## TO DO
Copy out the final stretch of the listing: the line that contains "Need: oriented 3D" and all lines after it, exactly as they appear.

## DATA FOR REVIEW
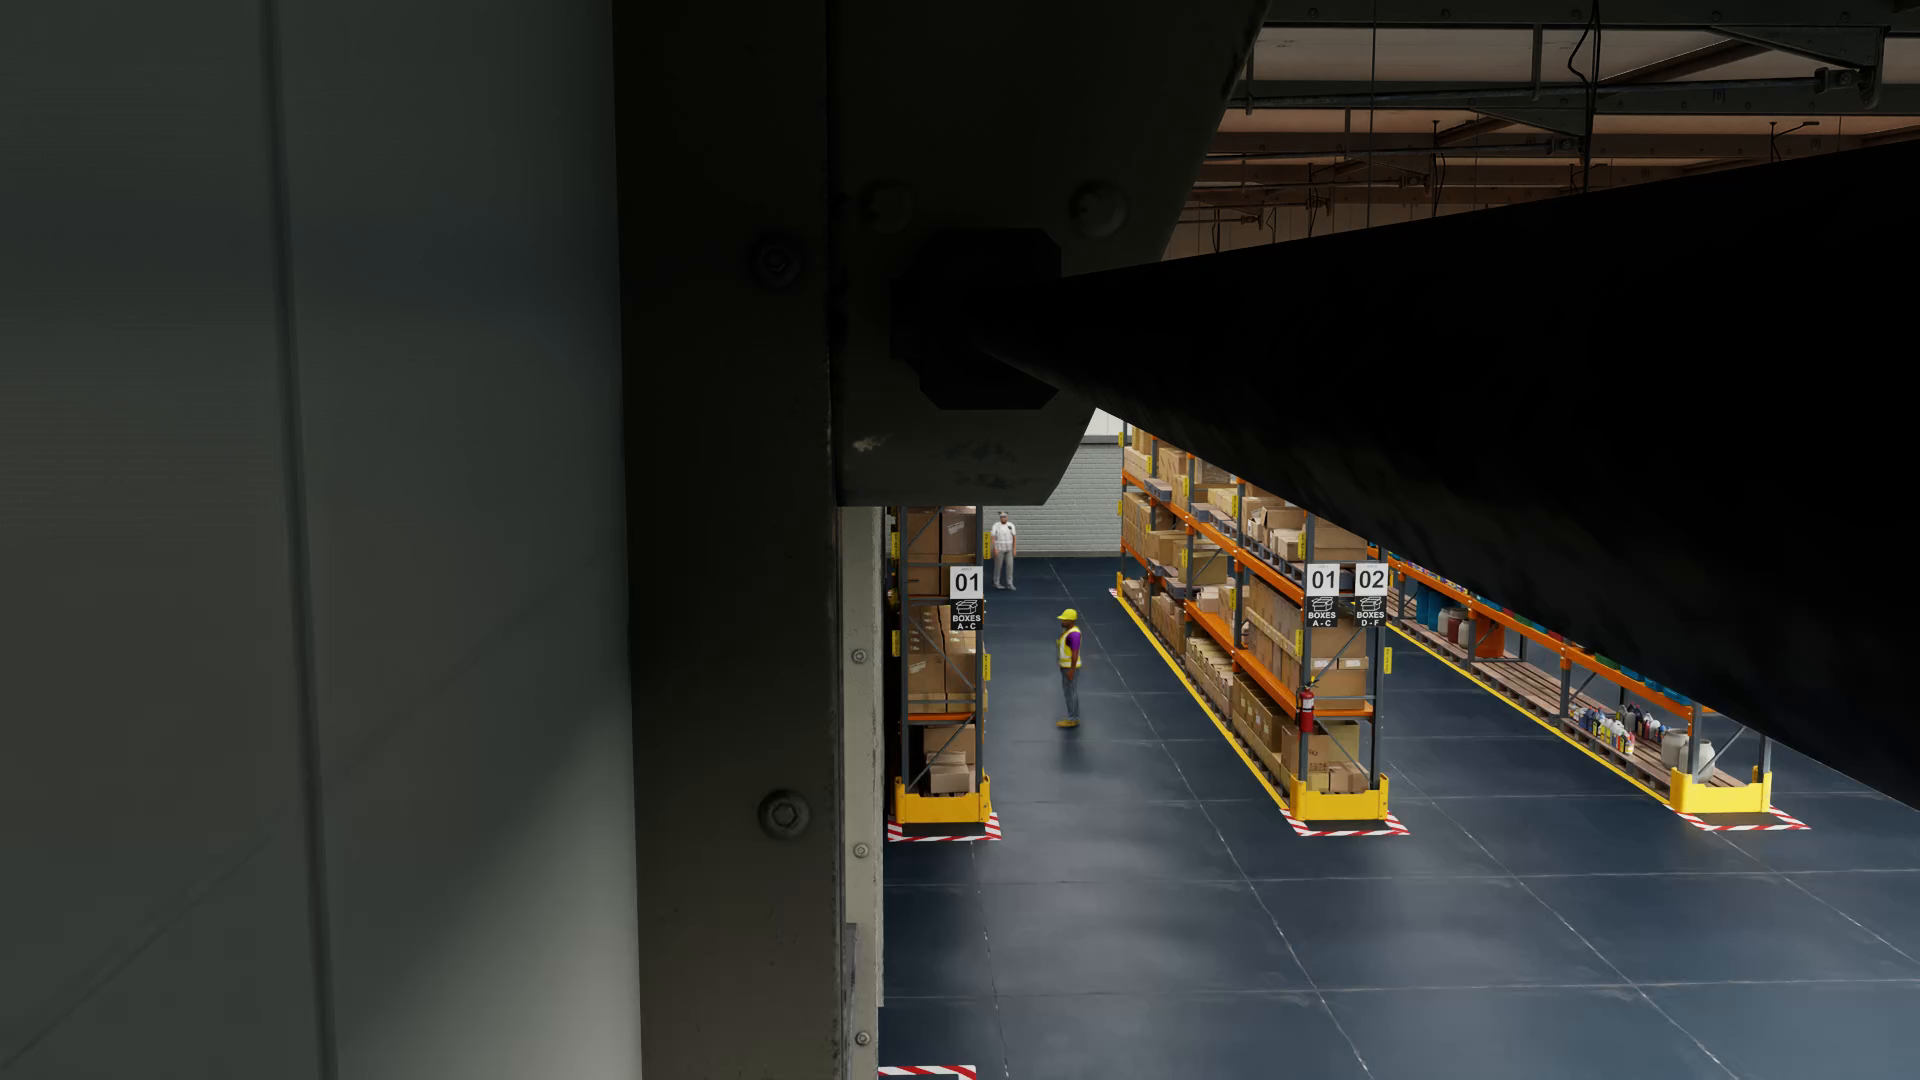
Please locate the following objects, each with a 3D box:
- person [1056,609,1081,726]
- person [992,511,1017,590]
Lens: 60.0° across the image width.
[{"bbox_3d":[1.627,1.923,25.161,0.377,1.776,0.658,-1,8,-6],"label":"person"},{"bbox_3d":[1.016,0.230,37.338,0.548,1.792,0.536,-5,9,-30],"label":"person"}]
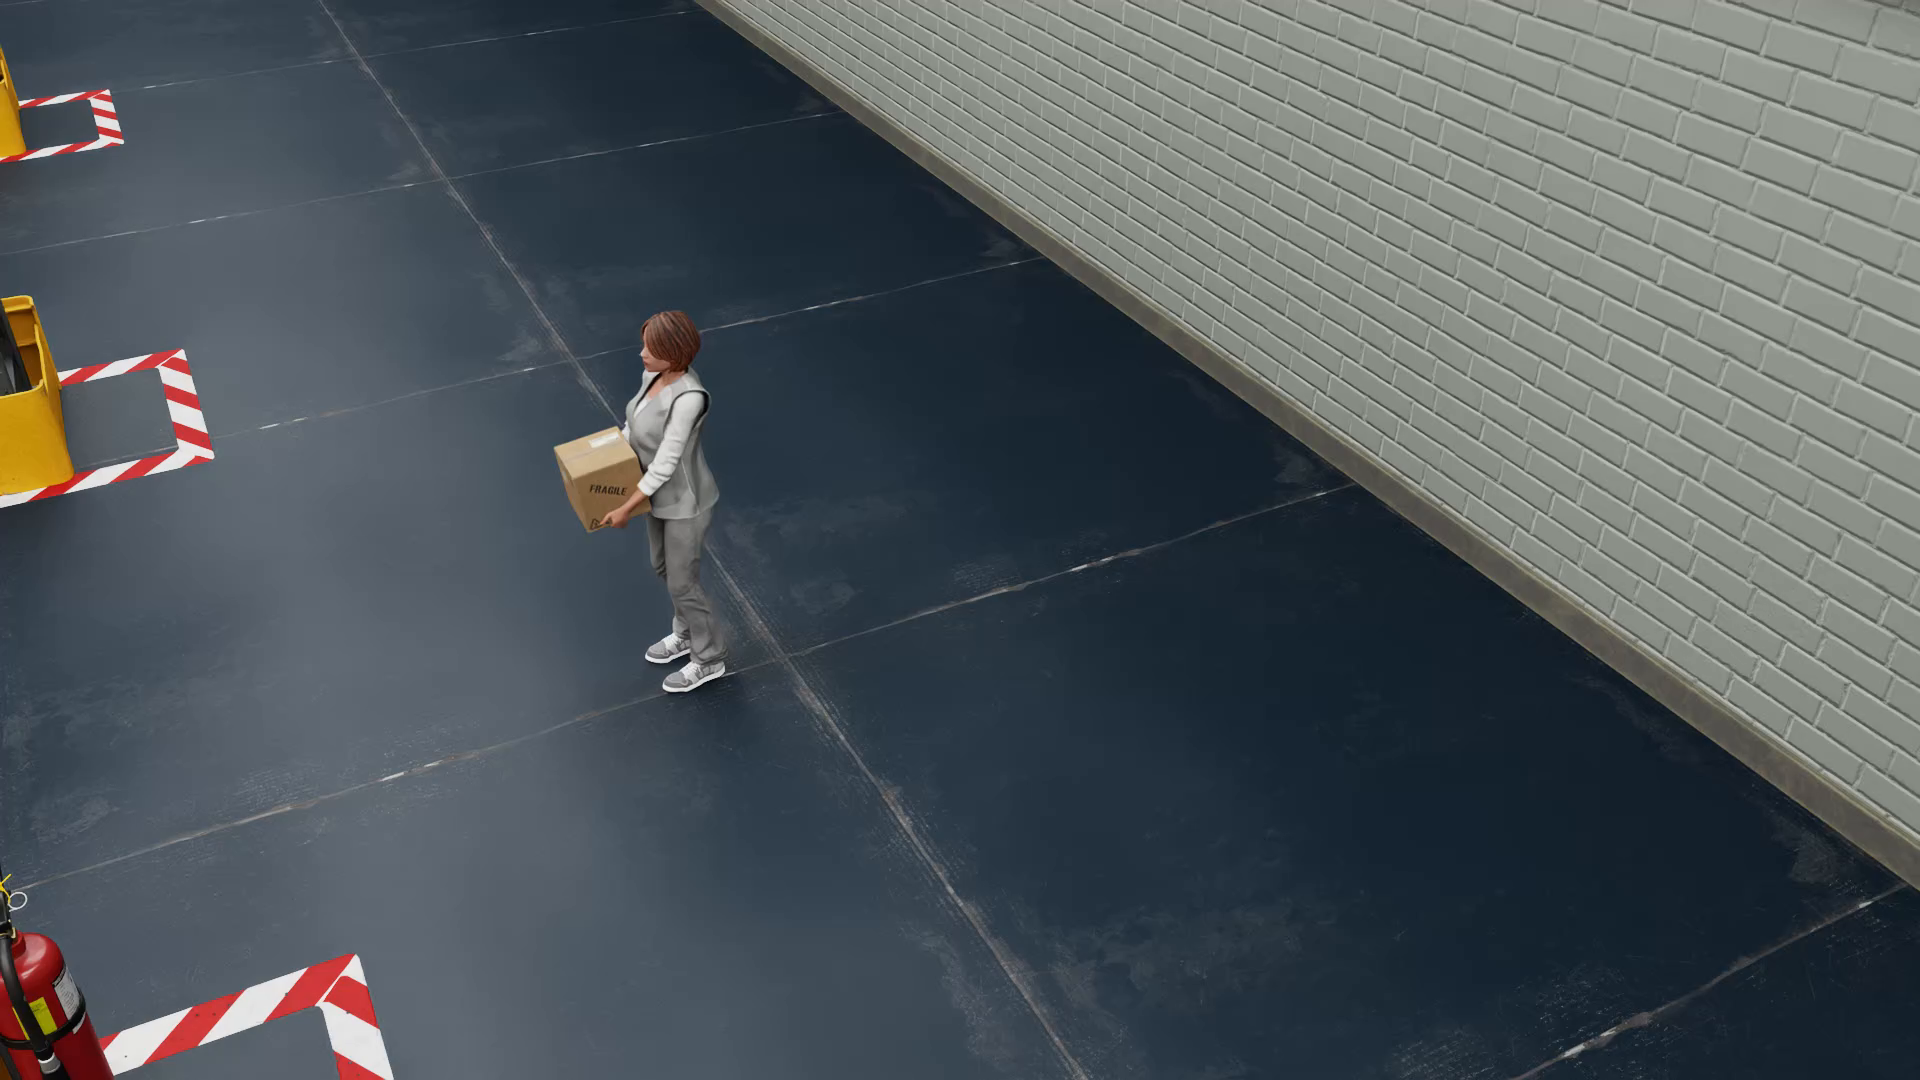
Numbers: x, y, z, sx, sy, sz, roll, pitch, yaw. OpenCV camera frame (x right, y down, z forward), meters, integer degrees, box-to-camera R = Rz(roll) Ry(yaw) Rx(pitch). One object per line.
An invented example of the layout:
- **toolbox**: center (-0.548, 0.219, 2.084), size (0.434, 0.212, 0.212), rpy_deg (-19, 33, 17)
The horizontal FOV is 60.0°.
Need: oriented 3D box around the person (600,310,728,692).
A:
- **person**: center (-1.167, -0.126, 6.346), size (0.489, 1.594, 0.405), rpy_deg (-16, 37, -22)

## TASK RESPONSE
Need: oriented 3D box around the person (600,310,728,692).
A:
- **person**: center (-1.167, -0.126, 6.346), size (0.489, 1.594, 0.405), rpy_deg (-16, 37, -22)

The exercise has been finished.